That's better. Now let's go ahead and conduct a regression on the data. We'll use the statsmodels library to conduct the regression.

import statsmodels.api as sm

regr_results = sm.OLS.from_formula('mosquitos ~ temperature + rainfall', data).fit()
regr_results.summary()

As you can see statsmodels lets us use the names of the columns in our dataframe to clearly specify the form of the statistical model we want to fit. This also makes the code more readable since the model we are fitting is written in a nice, human readable, manner. The summary method gives us a visual representation of the results. This summary is nice to look at, but it isn't really useful for doing more computation, so we can look up particular values related to the regression using the regr_results attributes. These are variables that are attached to regr_results.

regr_results.params

Intercept      17.545739
temperature     0.871943
rainfall        0.696717
dtype: float64

regr_results.rsquared

0.99696687369130499

If we want to hold onto these values for later we can assign them to variables:

parameters = regr_results.params
rsquared = regr_results.rsquared

And then we can plot the observed data against the values predicted by our regression to visualize the results. First, remember to tell the notebook that we want our plots to appear in the notebook itself.

%matplotlib inline

import matplotlib.pyplot as plt

predicted = parameters[0] + parameters[1] * data['temperature'] + parameters[2] * data['rainfall']
plt.plot(predicted, data['mosquitos'], 'ro')
min_mosquitos, max_mosquitos = min(data['mosquitos']), max(data['mosquitos'])
plt.plot([min_mosquitos, max_mosquitos], [min_mosquitos, max_mosquitos], 'k-')

[<matplotlib.lines.Line2D at 0x7fe6acffd748>]

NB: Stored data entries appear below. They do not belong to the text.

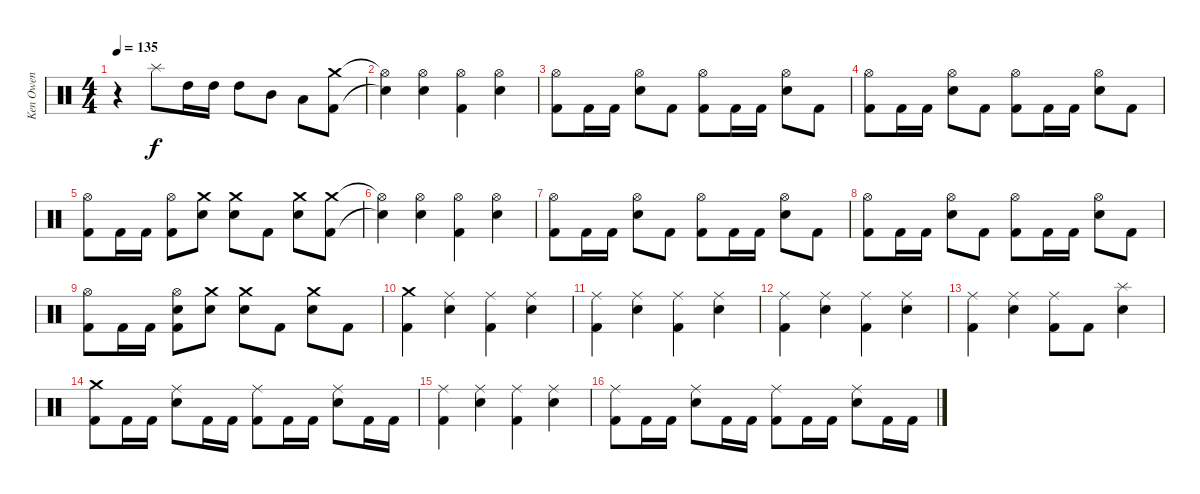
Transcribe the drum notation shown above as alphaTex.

\track ("Ken Owen" "Ken Owen") {instrument percussion}
\staff {score}
\articulation defaults
\ts (4 4)
\tempo 135
\clef neutral
\ks c
r.4{dy f} "Splash (hit)".8 "High Tom (hit)".16 "High Tom (hit)".16 "High Tom (hit)".8 "Mid Tom (hit)".8 "Low Tom (hit)".8 ("Crash medium (hit)" "Kick (hit) 2").8 |
("Hi-Hat (open)"{t} "Snare (hit)"{t}).4 ("Hi-Hat (open)" "Electric Snare (hit)").4 ("Hi-Hat (open)" "Kick (hit) 2").4 ("Hi-Hat (open)" "Electric Snare (hit)").4 |
("Hi-Hat (open)" "Kick (hit) 2").8 "Kick (hit) 2".16 "Kick (hit) 2".16 ("Hi-Hat (open)" "Electric Snare (hit)").8 "Kick (hit) 2".8 ("Hi-Hat (open)" "Kick (hit) 2").8 "Kick (hit) 2".16 "Kick (hit) 2".16 ("Hi-Hat (open)" "Electric Snare (hit)").8 "Kick (hit) 2".8 |
("Hi-Hat (open)" "Kick (hit) 2").8 "Kick (hit) 2".16 "Kick (hit) 2".16 ("Hi-Hat (open)" "Electric Snare (hit)").8 "Kick (hit) 2".8 ("Hi-Hat (open)" "Kick (hit) 2").8 "Kick (hit) 2".16 "Kick (hit) 2".16 ("Hi-Hat (open)" "Electric Snare (hit)").8 "Kick (hit) 2".8 |
("Hi-Hat (open)" "Kick (hit) 2").8 "Kick (hit) 2".16 "Kick (hit) 2".16 ("Hi-Hat (open)" "Kick (hit) 2").8 ("Crash medium (hit)" "Electric Snare (hit)").8 ("Crash medium (hit)" "Electric Snare (hit)").8 "Kick (hit) 2".8 ("Crash medium (hit)" "Electric Snare (hit)").8 ("Crash medium (hit)" "Kick (hit) 2").8 |
("Hi-Hat (open)"{t} "Snare (hit)"{t}).4 ("Hi-Hat (open)" "Electric Snare (hit)").4 ("Hi-Hat (open)" "Kick (hit) 2").4 ("Hi-Hat (open)" "Electric Snare (hit)").4 |
("Hi-Hat (open)" "Kick (hit) 2").8 "Kick (hit) 2".16 "Kick (hit) 2".16 ("Hi-Hat (open)" "Electric Snare (hit)").8 "Kick (hit) 2".8 ("Hi-Hat (open)" "Kick (hit) 2").8 "Kick (hit) 2".16 "Kick (hit) 2".16 ("Hi-Hat (open)" "Electric Snare (hit)").8 "Kick (hit) 2".8 |
("Hi-Hat (open)" "Kick (hit) 2").8 "Kick (hit) 2".16 "Kick (hit) 2".16 ("Hi-Hat (open)" "Electric Snare (hit)").8 "Kick (hit) 2".8 ("Hi-Hat (open)" "Kick (hit) 2").8 "Kick (hit) 2".16 "Kick (hit) 2".16 ("Hi-Hat (open)" "Electric Snare (hit)").8 "Kick (hit) 2".8 |
("Hi-Hat (open)" "Kick (hit) 2").8 "Kick (hit) 2".16 "Kick (hit) 2".16 ("Hi-Hat (open)" "Electric Snare (hit)" "Kick (hit) 2").8 ("Crash medium (hit)" "Electric Snare (hit)").8 ("Crash medium (hit)" "Electric Snare (hit)").8 "Kick (hit) 2".8 ("Crash medium (hit)" "Electric Snare (hit)").8 "Kick (hit) 2".8 |
("Crash medium (hit)" "Kick (hit) 2").4 ("Ride (middle)" "Electric Snare (hit)").4 ("Ride (middle)" "Kick (hit) 2").4 ("Ride (middle)" "Electric Snare (hit)").4 |
("Ride (middle)" "Kick (hit) 2").4 ("Ride (middle)" "Electric Snare (hit)").4 ("Ride (middle)" "Kick (hit) 2").4 ("Ride (middle)" "Electric Snare (hit)").4 |
("Ride (middle)" "Kick (hit) 2").4 ("Ride (middle)" "Electric Snare (hit)").4 ("Ride (middle)" "Kick (hit) 2").4 ("Ride (middle)" "Electric Snare (hit)").4 |
("Ride (middle)" "Kick (hit) 2").4 ("Ride (middle)" "Electric Snare (hit)").4 ("Ride (middle)" "Kick (hit) 2").8 "Kick (hit) 2".8 ("Splash (hit)" "Electric Snare (hit)").4 |
("Crash medium (hit)" "Kick (hit) 2").8 "Kick (hit) 2".16 "Kick (hit) 2".16 ("Ride (middle)" "Electric Snare (hit)").8 "Kick (hit) 2".16 "Kick (hit) 2".16 ("Ride (middle)" "Kick (hit) 2").8 "Kick (hit) 2".16 "Kick (hit) 2".16 ("Ride (middle)" "Electric Snare (hit)").8 "Kick (hit) 2".16 "Kick (hit) 2".16 |
("Ride (middle)" "Kick (hit) 2").4 ("Ride (middle)" "Electric Snare (hit)").4 ("Ride (middle)" "Kick (hit) 2").4 ("Ride (middle)" "Electric Snare (hit)").4 |
("Ride (middle)" "Kick (hit) 2").8 "Kick (hit) 2".16 "Kick (hit) 2".16 ("Ride (middle)" "Electric Snare (hit)").8 "Kick (hit) 2".16 "Kick (hit) 2".16 ("Ride (middle)" "Kick (hit) 2").8 "Kick (hit) 2".16 "Kick (hit) 2".16 ("Ride (middle)" "Electric Snare (hit)").8 "Kick (hit) 2".16 "Kick (hit) 2".16
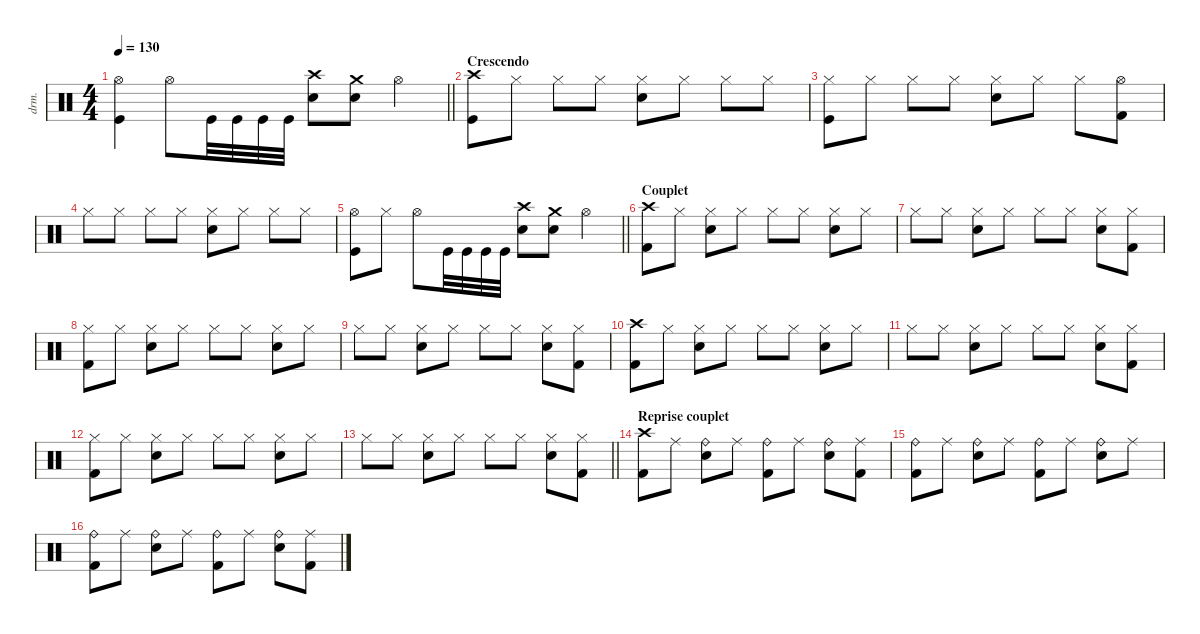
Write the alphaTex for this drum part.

\defaultSystemsLayout 4
\hideDynamics
\bracketExtendMode nobrackets
\otherSystemsTrackNameOrientation horizontal
\track ("Manouche" "drm.") {instrument percussion}
\staff {score}
\articulation defaults
\ts (4 4)
\tempo 130
\clef neutral
\barLineRight lightlight
\ks c
("Hi-Hat (open)" "Kick (hit)").4{dy f} "Hi-Hat (open)".8 "Kick (hit)".32 "Kick (hit)".32 "Kick (hit)".32 "Kick (hit)".32 ("Snare (hit) 2" "Crash high (hit)").8 ("Crash medium (hit)" "Snare (hit) 2").8 "Hi-Hat (open)".4 |
\section ("" "Crescendo")
("Crash high (hit)" "Kick (hit)").8{dy mp} "Hi-Hat (closed)".8 "Hi-Hat (closed)".8 "Hi-Hat (closed)".8 ("Hi-Hat (closed)" "Snare (hit) 2").8 "Hi-Hat (closed)".8 "Hi-Hat (closed)".8 "Hi-Hat (closed)".8 |
("Hi-Hat (closed)" "Kick (hit)").8 "Hi-Hat (closed)".8 "Hi-Hat (closed)".8 "Hi-Hat (closed)".8 ("Hi-Hat (closed)" "Snare (hit) 2").8 "Hi-Hat (closed)".8 "Hi-Hat (closed)".8 ("Hi-Hat (open)" "Kick (hit) 2").8 |
"Hi-Hat (closed)".8{dy mf} "Hi-Hat (closed)".8{dy mp} "Hi-Hat (closed)".8 "Hi-Hat (closed)".8 ("Hi-Hat (closed)" "Snare (hit) 2").8 "Hi-Hat (closed)".8 "Hi-Hat (closed)".8 "Hi-Hat (closed)".8 |
\barLineRight lightlight
("Kick (hit)" "Hi-Hat (open)").8{dy f} "Hi-Hat (closed)".8 "Hi-Hat (open)".8 "Kick (hit)".32 "Kick (hit)".32 "Kick (hit)".32 "Kick (hit)".32 ("Snare (hit) 2" "Crash high (hit)").8 ("Crash medium (hit)" "Snare (hit) 2").8 "Hi-Hat (open)".4 |
\section ("" "Couplet")
("Crash high (hit)" "Kick (hit) 2").8 "Hi-Hat (closed)".8{dy mp} ("Hi-Hat (closed)" "Snare (hit) 2").8{dy f} "Hi-Hat (closed)".8{dy mp} "Hi-Hat (closed)".8{dy f} "Hi-Hat (closed)".8{dy mp} ("Hi-Hat (closed)" "Snare (hit) 2").8{dy f} "Hi-Hat (closed)".8{dy mp} |
"Hi-Hat (closed)".8{dy f} "Hi-Hat (closed)".8{dy mp} ("Hi-Hat (closed)" "Snare (hit) 2").8{dy f} "Hi-Hat (closed)".8{dy mp} "Hi-Hat (closed)".8{dy f} "Hi-Hat (closed)".8{dy mp} ("Hi-Hat (closed)" "Snare (hit) 2").8{dy f} ("Hi-Hat (closed)" "Kick (hit) 2").8{dy mp} |
("Hi-Hat (closed)" "Kick (hit) 2").8 "Hi-Hat (closed)".8 ("Hi-Hat (closed)" "Snare (hit) 2").8{dy f} "Hi-Hat (closed)".8{dy mp} "Hi-Hat (closed)".8{dy f} "Hi-Hat (closed)".8{dy mp} ("Hi-Hat (closed)" "Snare (hit) 2").8{dy f} "Hi-Hat (closed)".8{dy mp} |
"Hi-Hat (closed)".8{dy f} "Hi-Hat (closed)".8{dy mp} ("Hi-Hat (closed)" "Snare (hit) 2").8{dy f} "Hi-Hat (closed)".8{dy mp} "Hi-Hat (closed)".8{dy f} "Hi-Hat (closed)".8{dy mp} ("Hi-Hat (closed)" "Snare (hit) 2").8{dy f} ("Hi-Hat (closed)" "Kick (hit) 2").8{dy mp} |
("Crash high (hit)" "Kick (hit) 2").8{dy f} "Hi-Hat (closed)".8{dy mp} ("Hi-Hat (closed)" "Snare (hit) 2").8{dy f} "Hi-Hat (closed)".8{dy mp} "Hi-Hat (closed)".8{dy f} "Hi-Hat (closed)".8{dy mp} ("Hi-Hat (closed)" "Snare (hit) 2").8{dy f} "Hi-Hat (closed)".8{dy mp} |
"Hi-Hat (closed)".8{dy f} "Hi-Hat (closed)".8{dy mp} ("Hi-Hat (closed)" "Snare (hit) 2").8{dy f} "Hi-Hat (closed)".8{dy mp} "Hi-Hat (closed)".8{dy f} "Hi-Hat (closed)".8{dy mp} ("Hi-Hat (closed)" "Snare (hit) 2").8{dy f} ("Hi-Hat (closed)" "Kick (hit) 2").8{dy mp} |
("Hi-Hat (closed)" "Kick (hit) 2").8 "Hi-Hat (closed)".8 ("Hi-Hat (closed)" "Snare (hit) 2").8{dy f} "Hi-Hat (closed)".8{dy mp} "Hi-Hat (closed)".8{dy f} "Hi-Hat (closed)".8{dy mp} ("Hi-Hat (closed)" "Snare (hit) 2").8{dy f} "Hi-Hat (closed)".8{dy mp} |
\barLineRight lightlight "Hi-Hat (closed)".8{dy f} "Hi-Hat (closed)".8{dy mp}
("Hi-Hat (closed)" "Snare (hit) 2").8{dy f} "Hi-Hat (closed)".8{dy mp} "Hi-Hat (closed)".8{dy f} "Hi-Hat (closed)".8{dy mp} ("Hi-Hat (closed)" "Snare (hit) 2").8{dy f} ("Hi-Hat (closed)" "Kick (hit) 2").8{dy mp} |
\section ("" "Reprise couplet")
("Crash high (hit)" "Kick (hit) 2").8{dy f} "Ride (middle)".8{dy mf} ("Ride (bell)" "Snare (hit) 2").8{dy f} "Ride (middle)".8{dy mf} ("Ride (bell)" "Kick (hit) 2").8{dy f} "Ride (middle)".8{dy mf} ("Ride (bell)" "Snare (hit) 2").8{dy f} ("Ride (middle)" "Kick (hit) 2").8{dy mf} |
("Ride (bell)" "Kick (hit) 2").8{dy f} "Ride (middle)".8{dy mf} ("Ride (bell)" "Snare (hit) 2").8{dy f} "Ride (middle)".8{dy mf} ("Ride (bell)" "Kick (hit) 2").8{dy f} "Ride (middle)".8{dy mf} ("Ride (bell)" "Snare (hit) 2").8{dy f} "Ride (middle)".8{dy mf} |
("Ride (bell)" "Kick (hit) 2").8{dy f} "Ride (middle)".8{dy mf} ("Ride (bell)" "Snare (hit) 2").8{dy f} "Ride (middle)".8{dy mf} ("Ride (bell)" "Kick (hit) 2").8{dy f} "Ride (middle)".8{dy mf} ("Ride (bell)" "Snare (hit) 2").8{dy f} ("Ride (middle)" "Kick (hit) 2").8{dy mf}
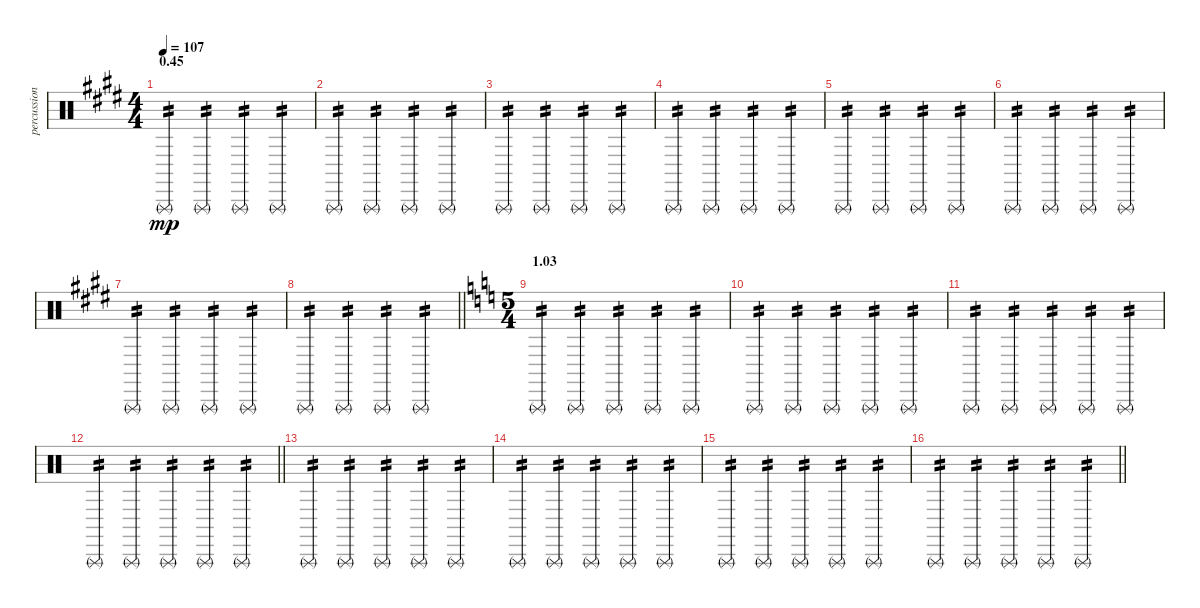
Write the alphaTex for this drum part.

\track ("percussion" "percussion") {instrument percussion}
\staff {score}
\articulation defaults
\ts (4 4)
\section ("" "0.45")
\tempo 107
\clef neutral
\ks c#minor "Triangle (rnute)".4{tp 2 dy mp} "Triangle (rnute)".4{tp 2} "Triangle (rnute)".4{tp 2} "Triangle (rnute)".4{tp 2}
|
"Triangle (rnute)".4{tp 2} "Triangle (rnute)".4{tp 2} "Triangle (rnute)".4{tp 2} "Triangle (rnute)".4{tp 2} |
"Triangle (rnute)".4{tp 2} "Triangle (rnute)".4{tp 2} "Triangle (rnute)".4{tp 2} "Triangle (rnute)".4{tp 2} |
"Triangle (rnute)".4{tp 2} "Triangle (rnute)".4{tp 2} "Triangle (rnute)".4{tp 2} "Triangle (rnute)".4{tp 2} |
"Triangle (rnute)".4{tp 2} "Triangle (rnute)".4{tp 2} "Triangle (rnute)".4{tp 2} "Triangle (rnute)".4{tp 2} |
"Triangle (rnute)".4{tp 2} "Triangle (rnute)".4{tp 2} "Triangle (rnute)".4{tp 2} "Triangle (rnute)".4{tp 2} |
"Triangle (rnute)".4{tp 2} "Triangle (rnute)".4{tp 2} "Triangle (rnute)".4{tp 2} "Triangle (rnute)".4{tp 2} |
\barLineRight lightlight "Triangle (rnute)".4{tp 2} "Triangle (rnute)".4{tp 2} "Triangle (rnute)".4{tp 2} "Triangle (rnute)".4{tp 2}
|
\ts (5 4)
\section ("" "1.03")
\ks c "Triangle (rnute)".4{tp 2} "Triangle (rnute)".4{tp 2} "Triangle (rnute)".4{tp 2} "Triangle (rnute)".4{tp 2} "Triangle (rnute)".4{tp 2}
|
"Triangle (rnute)".4{tp 2} "Triangle (rnute)".4{tp 2} "Triangle (rnute)".4{tp 2} "Triangle (rnute)".4{tp 2} "Triangle (rnute)".4{tp 2} |
"Triangle (rnute)".4{tp 2} "Triangle (rnute)".4{tp 2} "Triangle (rnute)".4{tp 2} "Triangle (rnute)".4{tp 2} "Triangle (rnute)".4{tp 2} |
\barLineRight lightlight "Triangle (rnute)".4{tp 2} "Triangle (rnute)".4{tp 2} "Triangle (rnute)".4{tp 2} "Triangle (rnute)".4{tp 2} "Triangle (rnute)".4{tp 2}
|
"Triangle (rnute)".4{tp 2} "Triangle (rnute)".4{tp 2} "Triangle (rnute)".4{tp 2} "Triangle (rnute)".4{tp 2} "Triangle (rnute)".4{tp 2} |
"Triangle (rnute)".4{tp 2} "Triangle (rnute)".4{tp 2} "Triangle (rnute)".4{tp 2} "Triangle (rnute)".4{tp 2} "Triangle (rnute)".4{tp 2} |
"Triangle (rnute)".4{tp 2} "Triangle (rnute)".4{tp 2} "Triangle (rnute)".4{tp 2} "Triangle (rnute)".4{tp 2} "Triangle (rnute)".4{tp 2} |
\barLineRight lightlight "Triangle (rnute)".4{tp 2} "Triangle (rnute)".4{tp 2} "Triangle (rnute)".4{tp 2} "Triangle (rnute)".4{tp 2} "Triangle (rnute)".4{tp 2}

OK, great. So putting this all together we now have a piece of code that imports the modules we need, loads the data into memory, fits a regression to the data, and stores the parameters and fit of data.

import pandas as pd
import statsmodels.api as sm
import matplotlib.pyplot as plt

data = pd.read_csv('data/A2_mosquito_data.csv')
data['temperature'] = (data['temperature'] - 32) * 5 / 9.0
regr_results = sm.OLS.from_formula('mosquitos ~ temperature + rainfall', data).fit()
parameters = regr_results.params
rsquared = regr_results.rsquared
predicted = parameters[0] + parameters[1] * data['temperature'] + parameters[2] * data['rainfall']
plt.plot(predicted, data['mosquitos'], 'ro')
min_mosquitos, max_mosquitos = min(data['mosquitos']), max(data['mosquitos'])
plt.plot([min_mosquitos, max_mosquitos], [min_mosquitos, max_mosquitos], 'k-')
print(parameters)
print("R^2 = ", rsquared)

Intercept      17.545739
temperature     0.871943
rainfall        0.696717
dtype: float64
R^2 =  0.996966873691

Functions¶

The next thing we need to do is loop over all of the possible data files, but in order to do that we're going to need to grow our code some more. Since our brain can only easily hold 5-7 pieces of information at once, and our code already has more than that many pieces, we need to start breaking our code into manageable sized chunks. This will let us read and understand the code more easily and make it easier to reuse pieces of our code. We'll do this using functions.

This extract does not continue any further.